她走了,她撇下了我们走了。但是.......但是我们根本无法体会到母亲的彷徨。
在那样的状态下面对着自己的亲人摆出轻松的模样,这是一种.......一种非常难的事情,这样的困难,我似乎已经.......已经体会到了。
或许未成年的我没有母亲成年人的心态,但是.......但是这真的是.......真的是一件很难的事情呢。
每次看到她们,明明自己深陷着黑暗之中,却还要强装出自然的模样。越是强装......那种.......那种压抑感就越是厚重。
所以.......突然........突然变得不想回家了。想一个人......去个陌生的地方,躲起来,躲得远远的,不再让她们看到。
二乃抿了抿唇瓣,嘴角噙出了笑意。
然而在这越发凝滞的氛围之中,却显得更加地苦涩。
“其实.......”
上杉真司目光怔怔地看着她,心也猛缩了一下,低声地呢喃道:“对不起。”
听到上杉真司道歉的话语,二乃微微地仰起了头,看向了上杉真司,轻笑着说道:“老师,为什么要道歉呢?”

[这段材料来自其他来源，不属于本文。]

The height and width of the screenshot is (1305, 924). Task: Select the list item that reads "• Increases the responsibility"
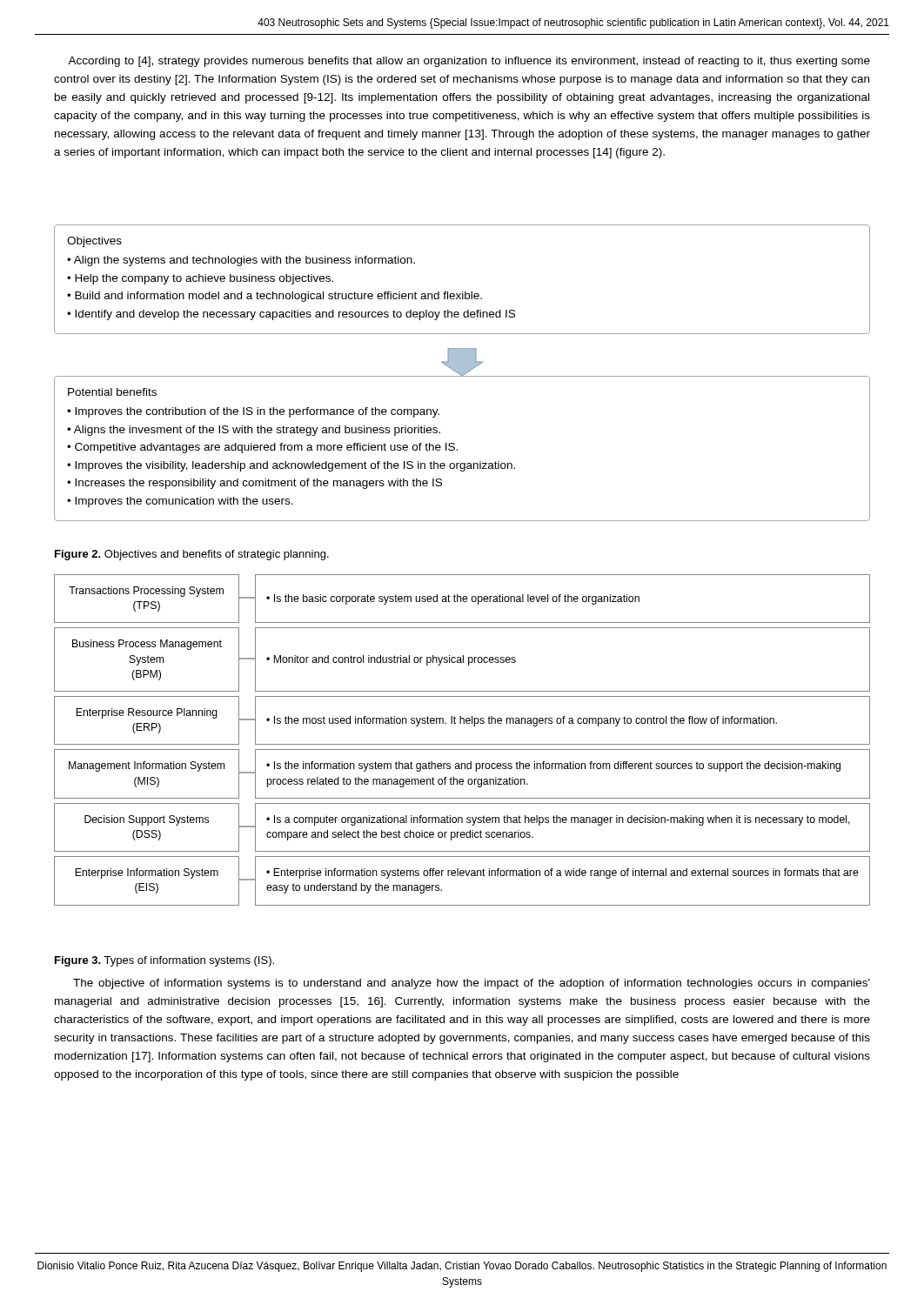255,482

“大概因为......我不太体贴吧。这对于你来说终究太过残酷了。”
上杉真司仰起了脑袋,随后转过了视线看着她。
“其实.......有的时候,软弱点.......也好。虽然.......看得出来你是个要强的孩子。”
“软弱点?是这样.......能够让老师有点保护欲吧。保护弱者而诞生出的快感?看来老师也是相当地俗套呢。”
二乃随即轻笑了起来,手肘顶了顶上杉真司的胸脯,只有她自己感受到自己的眼角多了些许湿润。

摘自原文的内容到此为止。